Collected data:
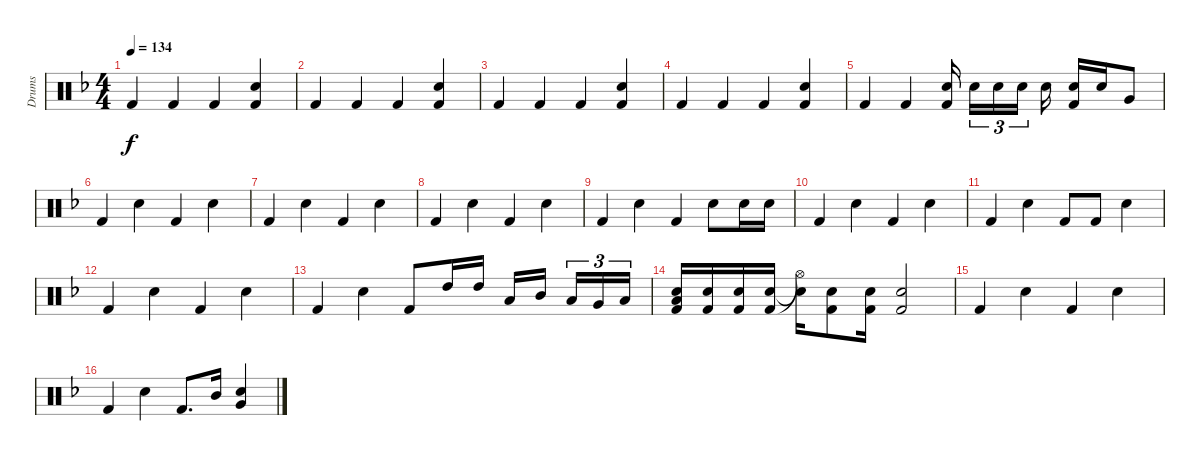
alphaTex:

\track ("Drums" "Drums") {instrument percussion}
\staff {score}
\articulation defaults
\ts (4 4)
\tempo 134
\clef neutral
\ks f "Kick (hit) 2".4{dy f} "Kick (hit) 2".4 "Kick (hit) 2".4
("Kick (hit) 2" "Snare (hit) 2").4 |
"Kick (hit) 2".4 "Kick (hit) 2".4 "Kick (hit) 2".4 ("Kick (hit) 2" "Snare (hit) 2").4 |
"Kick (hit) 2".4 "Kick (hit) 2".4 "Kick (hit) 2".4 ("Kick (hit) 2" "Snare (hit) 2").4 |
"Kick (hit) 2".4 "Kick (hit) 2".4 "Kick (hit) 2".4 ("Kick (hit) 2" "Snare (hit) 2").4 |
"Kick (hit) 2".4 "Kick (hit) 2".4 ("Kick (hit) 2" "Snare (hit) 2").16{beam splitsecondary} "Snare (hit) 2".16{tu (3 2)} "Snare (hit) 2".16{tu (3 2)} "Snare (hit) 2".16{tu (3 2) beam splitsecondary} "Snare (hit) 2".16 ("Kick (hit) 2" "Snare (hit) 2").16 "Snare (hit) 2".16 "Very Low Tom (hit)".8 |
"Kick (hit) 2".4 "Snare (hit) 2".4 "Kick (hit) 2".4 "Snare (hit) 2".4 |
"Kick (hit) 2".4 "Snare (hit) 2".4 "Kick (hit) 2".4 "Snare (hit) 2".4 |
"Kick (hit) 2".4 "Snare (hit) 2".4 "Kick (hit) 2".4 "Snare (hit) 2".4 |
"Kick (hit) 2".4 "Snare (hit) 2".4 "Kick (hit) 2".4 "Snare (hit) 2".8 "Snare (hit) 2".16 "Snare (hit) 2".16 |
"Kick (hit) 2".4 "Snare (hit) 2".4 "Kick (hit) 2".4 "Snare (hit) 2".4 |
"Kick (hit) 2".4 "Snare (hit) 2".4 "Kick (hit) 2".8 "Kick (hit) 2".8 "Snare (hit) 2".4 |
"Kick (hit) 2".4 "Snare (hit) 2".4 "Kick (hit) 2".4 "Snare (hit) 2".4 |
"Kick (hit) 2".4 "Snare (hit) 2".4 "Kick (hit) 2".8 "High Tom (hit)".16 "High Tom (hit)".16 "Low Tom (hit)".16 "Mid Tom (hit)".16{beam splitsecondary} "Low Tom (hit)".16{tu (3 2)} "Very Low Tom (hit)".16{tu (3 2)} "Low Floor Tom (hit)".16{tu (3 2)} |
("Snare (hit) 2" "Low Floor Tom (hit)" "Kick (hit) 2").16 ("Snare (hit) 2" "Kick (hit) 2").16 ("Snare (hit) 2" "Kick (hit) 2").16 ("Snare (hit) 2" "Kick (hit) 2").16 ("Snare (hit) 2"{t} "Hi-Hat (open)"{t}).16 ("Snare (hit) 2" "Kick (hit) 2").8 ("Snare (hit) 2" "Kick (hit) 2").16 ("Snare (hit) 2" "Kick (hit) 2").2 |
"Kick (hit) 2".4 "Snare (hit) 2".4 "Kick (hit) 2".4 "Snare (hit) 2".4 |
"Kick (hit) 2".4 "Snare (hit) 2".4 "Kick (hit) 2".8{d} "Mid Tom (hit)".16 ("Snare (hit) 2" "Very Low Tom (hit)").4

**WORK TO BE COMPLETED:**
Copy out the entries exactly. No pictures.

**RESPONSE TO THIS TASK:**
alphaTex:

\track ("Drums" "Drums") {instrument percussion}
\staff {score}
\articulation defaults
\ts (4 4)
\tempo 134
\clef neutral
\ks f "Kick (hit) 2".4{dy f} "Kick (hit) 2".4 "Kick (hit) 2".4
("Kick (hit) 2" "Snare (hit) 2").4 |
"Kick (hit) 2".4 "Kick (hit) 2".4 "Kick (hit) 2".4 ("Kick (hit) 2" "Snare (hit) 2").4 |
"Kick (hit) 2".4 "Kick (hit) 2".4 "Kick (hit) 2".4 ("Kick (hit) 2" "Snare (hit) 2").4 |
"Kick (hit) 2".4 "Kick (hit) 2".4 "Kick (hit) 2".4 ("Kick (hit) 2" "Snare (hit) 2").4 |
"Kick (hit) 2".4 "Kick (hit) 2".4 ("Kick (hit) 2" "Snare (hit) 2").16{beam splitsecondary} "Snare (hit) 2".16{tu (3 2)} "Snare (hit) 2".16{tu (3 2)} "Snare (hit) 2".16{tu (3 2) beam splitsecondary} "Snare (hit) 2".16 ("Kick (hit) 2" "Snare (hit) 2").16 "Snare (hit) 2".16 "Very Low Tom (hit)".8 |
"Kick (hit) 2".4 "Snare (hit) 2".4 "Kick (hit) 2".4 "Snare (hit) 2".4 |
"Kick (hit) 2".4 "Snare (hit) 2".4 "Kick (hit) 2".4 "Snare (hit) 2".4 |
"Kick (hit) 2".4 "Snare (hit) 2".4 "Kick (hit) 2".4 "Snare (hit) 2".4 |
"Kick (hit) 2".4 "Snare (hit) 2".4 "Kick (hit) 2".4 "Snare (hit) 2".8 "Snare (hit) 2".16 "Snare (hit) 2".16 |
"Kick (hit) 2".4 "Snare (hit) 2".4 "Kick (hit) 2".4 "Snare (hit) 2".4 |
"Kick (hit) 2".4 "Snare (hit) 2".4 "Kick (hit) 2".8 "Kick (hit) 2".8 "Snare (hit) 2".4 |
"Kick (hit) 2".4 "Snare (hit) 2".4 "Kick (hit) 2".4 "Snare (hit) 2".4 |
"Kick (hit) 2".4 "Snare (hit) 2".4 "Kick (hit) 2".8 "High Tom (hit)".16 "High Tom (hit)".16 "Low Tom (hit)".16 "Mid Tom (hit)".16{beam splitsecondary} "Low Tom (hit)".16{tu (3 2)} "Very Low Tom (hit)".16{tu (3 2)} "Low Floor Tom (hit)".16{tu (3 2)} |
("Snare (hit) 2" "Low Floor Tom (hit)" "Kick (hit) 2").16 ("Snare (hit) 2" "Kick (hit) 2").16 ("Snare (hit) 2" "Kick (hit) 2").16 ("Snare (hit) 2" "Kick (hit) 2").16 ("Snare (hit) 2"{t} "Hi-Hat (open)"{t}).16 ("Snare (hit) 2" "Kick (hit) 2").8 ("Snare (hit) 2" "Kick (hit) 2").16 ("Snare (hit) 2" "Kick (hit) 2").2 |
"Kick (hit) 2".4 "Snare (hit) 2".4 "Kick (hit) 2".4 "Snare (hit) 2".4 |
"Kick (hit) 2".4 "Snare (hit) 2".4 "Kick (hit) 2".8{d} "Mid Tom (hit)".16 ("Snare (hit) 2" "Very Low Tom (hit)").4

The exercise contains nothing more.